Roberta Finocchiaro, chitarrista e cantautrice catanese, classe ’93, presenta così il suo ultimo lavoro, l’album “Save lives with the rhythm”, uscito lo scorso 5 giugno.

Un disco dal sapore internazionale che vanta l’apporto di importanti musicisti “d’oltre oceano” e la produzione di uno dei grandi della musica internazionale, Steve Jordan, noto soprattutto come batterista dei “The Blues Brothers” e del “John Mayer Trio”, oltre che come autore e co-produttore del progetto “Keith Richards and the X-pensive Winos”.
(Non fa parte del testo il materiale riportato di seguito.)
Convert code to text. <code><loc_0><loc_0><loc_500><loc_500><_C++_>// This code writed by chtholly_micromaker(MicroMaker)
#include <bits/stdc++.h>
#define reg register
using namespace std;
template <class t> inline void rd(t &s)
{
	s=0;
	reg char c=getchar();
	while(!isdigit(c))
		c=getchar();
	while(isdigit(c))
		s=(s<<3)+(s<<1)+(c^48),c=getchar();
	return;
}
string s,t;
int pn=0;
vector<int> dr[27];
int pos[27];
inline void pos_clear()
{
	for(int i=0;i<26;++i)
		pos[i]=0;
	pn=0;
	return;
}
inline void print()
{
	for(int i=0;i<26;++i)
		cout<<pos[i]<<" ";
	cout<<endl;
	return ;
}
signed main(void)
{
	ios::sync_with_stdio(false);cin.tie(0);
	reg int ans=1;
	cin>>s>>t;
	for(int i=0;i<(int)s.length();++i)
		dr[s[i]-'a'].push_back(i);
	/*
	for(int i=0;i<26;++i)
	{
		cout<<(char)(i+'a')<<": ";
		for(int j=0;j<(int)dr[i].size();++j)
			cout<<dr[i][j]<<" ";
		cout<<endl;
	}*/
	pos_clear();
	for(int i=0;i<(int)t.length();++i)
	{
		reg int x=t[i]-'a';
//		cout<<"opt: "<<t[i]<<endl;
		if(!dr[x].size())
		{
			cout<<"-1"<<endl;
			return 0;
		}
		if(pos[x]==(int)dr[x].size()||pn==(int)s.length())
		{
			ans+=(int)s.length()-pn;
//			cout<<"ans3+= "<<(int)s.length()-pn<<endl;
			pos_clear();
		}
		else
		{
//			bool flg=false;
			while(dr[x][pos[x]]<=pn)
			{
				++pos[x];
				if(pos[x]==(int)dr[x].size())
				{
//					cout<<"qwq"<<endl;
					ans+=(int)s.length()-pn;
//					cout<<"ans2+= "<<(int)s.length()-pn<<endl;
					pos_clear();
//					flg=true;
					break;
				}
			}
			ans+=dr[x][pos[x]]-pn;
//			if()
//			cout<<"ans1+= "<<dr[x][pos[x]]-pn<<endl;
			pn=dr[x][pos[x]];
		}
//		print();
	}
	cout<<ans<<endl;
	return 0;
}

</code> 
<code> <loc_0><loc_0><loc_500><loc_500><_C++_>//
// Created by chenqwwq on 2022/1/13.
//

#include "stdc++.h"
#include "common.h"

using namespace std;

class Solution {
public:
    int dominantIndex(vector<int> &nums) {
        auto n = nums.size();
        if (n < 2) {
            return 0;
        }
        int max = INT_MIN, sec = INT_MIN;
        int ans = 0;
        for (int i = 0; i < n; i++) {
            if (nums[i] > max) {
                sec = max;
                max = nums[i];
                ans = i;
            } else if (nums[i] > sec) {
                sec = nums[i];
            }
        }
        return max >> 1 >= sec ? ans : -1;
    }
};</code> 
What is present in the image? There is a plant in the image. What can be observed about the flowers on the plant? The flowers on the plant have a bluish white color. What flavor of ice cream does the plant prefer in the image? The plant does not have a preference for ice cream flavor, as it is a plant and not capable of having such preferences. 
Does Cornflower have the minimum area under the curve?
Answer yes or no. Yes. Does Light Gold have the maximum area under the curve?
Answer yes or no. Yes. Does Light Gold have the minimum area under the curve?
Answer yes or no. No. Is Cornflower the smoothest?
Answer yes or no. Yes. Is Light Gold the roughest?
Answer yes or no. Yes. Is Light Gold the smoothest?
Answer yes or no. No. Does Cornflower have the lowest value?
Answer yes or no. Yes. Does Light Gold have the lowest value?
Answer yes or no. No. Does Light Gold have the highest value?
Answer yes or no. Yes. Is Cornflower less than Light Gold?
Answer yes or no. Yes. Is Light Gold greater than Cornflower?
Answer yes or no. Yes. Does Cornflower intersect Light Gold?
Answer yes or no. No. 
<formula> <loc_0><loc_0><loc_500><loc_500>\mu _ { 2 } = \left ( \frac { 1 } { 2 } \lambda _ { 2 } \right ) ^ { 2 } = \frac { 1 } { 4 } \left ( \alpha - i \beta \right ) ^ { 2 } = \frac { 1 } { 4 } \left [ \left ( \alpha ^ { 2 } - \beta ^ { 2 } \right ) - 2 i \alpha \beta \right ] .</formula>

«In questo disco mi sono lasciata ispirare dagli odori, dalle immagini, dai ricordi vissuti – continua Roberta – Ho vestito le mie poesie con la musica e le ho trasformate in canzoni. Ho suonato riff di chitarra che contenevano già dentro tutte le parole. Mi sono lasciata ispirare dagli artisti che amo e che ascolto. Quando ho iniziato a scrivere questo nuovo album, non avrei mai immaginato dove lo avrei suonato e registrato e quali musicisti avrebbero dato vita alla mia musica. Nella primavera del 2018 ho cominciato a scrivere le prime canzoni e un anno dopo, a settembre, mi sono trovata a vivere un sogno: New York, lo studio a Brooklyn, alcuni musicisti fantastici come Steve Jordan, Sean Hurley, Clifford Carter a cui si è aggiunto DaveO’Donnell come ingegnere del suono e in alcune canzoni sono presenti i fiati suonati da Eddie Allen, Patience Higgins, Clifton Anderson, la fisarmonica di mio nonno Gino e il violino di Olen Cesari». Nella composizione dei brani si spazia dal Funk-Soul degli Anni 70/90 alla parte più dolce del folk inglese di quegli stessi anni.